The training commands work with the script: Download train.py

Name Method mIoU Training Command Training log
fcn_resnet50_voc FCN [6] 69.4 shell script log
fcn_resnet101_voc FCN [6] 70.9 shell script log
[1](1, 2, 3) He, Kaiming, Xiangyu Zhang, Shaoqing Ren, and Jian Sun. “Deep residual learning for image recognition.” In Proceedings of the IEEE conference on computer vision and pattern recognition, pp. 770-778. 2016.
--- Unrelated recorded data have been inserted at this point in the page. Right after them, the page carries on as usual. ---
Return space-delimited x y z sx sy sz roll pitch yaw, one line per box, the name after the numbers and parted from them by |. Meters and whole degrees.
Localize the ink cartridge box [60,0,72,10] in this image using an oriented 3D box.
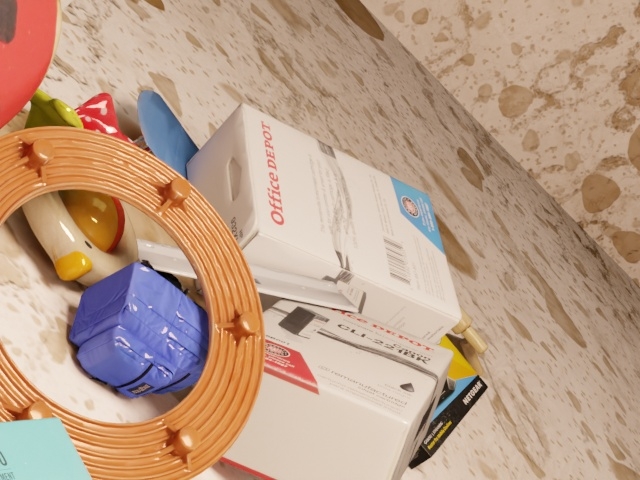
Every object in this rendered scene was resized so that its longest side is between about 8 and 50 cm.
-0.378 -0.283 1.404 0.212 0.154 0.093 36 22 -38 | ink cartridge box

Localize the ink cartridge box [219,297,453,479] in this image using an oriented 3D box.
0.010 0.158 1.395 0.197 0.114 0.273 22 14 10 | ink cartridge box

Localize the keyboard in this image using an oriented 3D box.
-0.082 0.040 1.466 0.256 0.014 0.072 13 19 -25 | keyboard

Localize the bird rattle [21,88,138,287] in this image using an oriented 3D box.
-0.252 -0.043 1.357 0.206 0.143 0.253 65 7 9 | bird rattle

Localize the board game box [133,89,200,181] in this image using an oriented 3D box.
-0.190 -0.105 1.693 0.168 0.033 0.133 55 18 -29 | board game box

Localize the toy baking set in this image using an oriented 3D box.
0.119 0.094 1.863 0.030 0.197 0.256 -41 95 -30 | toy baking set

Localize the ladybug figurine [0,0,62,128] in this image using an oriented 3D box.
-0.338 -0.183 1.072 0.162 0.305 0.449 7 9 15 | ladybug figurine

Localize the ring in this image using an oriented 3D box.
-0.180 0.050 1.168 0.337 0.032 0.336 20 54 -31 | ring

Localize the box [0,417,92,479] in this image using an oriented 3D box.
-0.257 0.169 0.866 0.060 0.100 0.244 57 19 18 | box

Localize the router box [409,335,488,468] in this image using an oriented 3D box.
0.125 0.189 1.750 0.133 0.046 0.179 50 39 0 | router box

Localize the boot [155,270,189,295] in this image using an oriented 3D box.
-0.168 0.064 1.389 0.121 0.045 0.099 38 22 -50 | boot

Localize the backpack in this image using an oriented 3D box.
-0.161 0.095 1.265 0.120 0.098 0.101 36 50 -32 | backpack

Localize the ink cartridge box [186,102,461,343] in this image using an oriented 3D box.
0.000 0.000 1.659 0.307 0.129 0.223 24 37 -31 | ink cartridge box

[2](1, 2, 3) He, Kaiming, Xiangyu Zhang, Shaoqing Ren, and Jian Sun. “Identity mappings in deep residual networks.” In European Conference on Computer Vision, pp. 630-645. Springer, Cham, 2016.
[3](1, 2, 3) Zagoruyko, Sergey, and Nikos Komodakis. “Wide residual networks.” arXiv preprint arXiv:1605.07146 (2016).
[4](1, 2) Zhang, Hongyi, Moustapha Cisse, Yann N. Dauphin, and David Lopez-Paz. “mixup: Beyond empirical risk minimization.” arXiv preprint arXiv:1710.09412 (2017).
[5](1, 2, 3, 4) Wei Liu, Dragomir Anguelov, Dumitru Erhan, Christian Szegedy, Scott Reed, Cheng-Yang Fu, Alexander C. Berg. SSD: Single Shot MultiBox Detector. ECCV 2016.
[6](1, 2, 3) Long, Jonathan, Evan Shelhamer, and Trevor Darrell. “Fully convolutional networks for semantic segmentation.” Proceedings of the IEEE conference on computer vision and pattern recognition. 2015.